§ Assignment: Count the lines in the entries below that include the word "degrees". Give nothing but the number.

§ Input data:

════════════════

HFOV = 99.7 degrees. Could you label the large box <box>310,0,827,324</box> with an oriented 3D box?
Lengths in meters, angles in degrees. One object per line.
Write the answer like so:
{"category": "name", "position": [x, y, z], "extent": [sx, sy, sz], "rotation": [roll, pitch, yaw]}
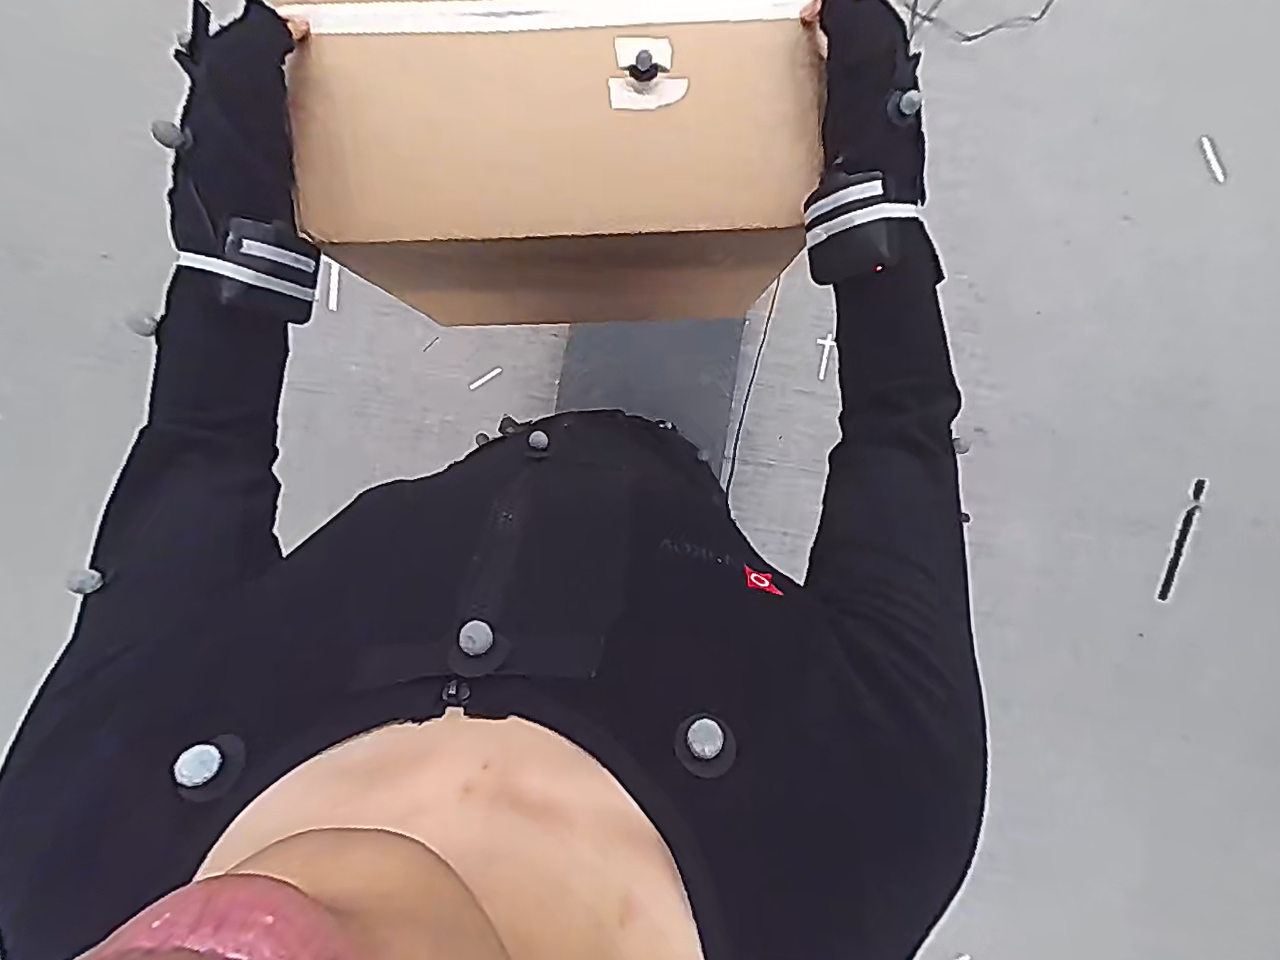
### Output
{"category": "large box", "position": [-0.060, -0.360, 0.568], "extent": [0.408, 0.320, 0.320], "rotation": [-2, 94, -1]}

════════════════

§ Reply to the task: 2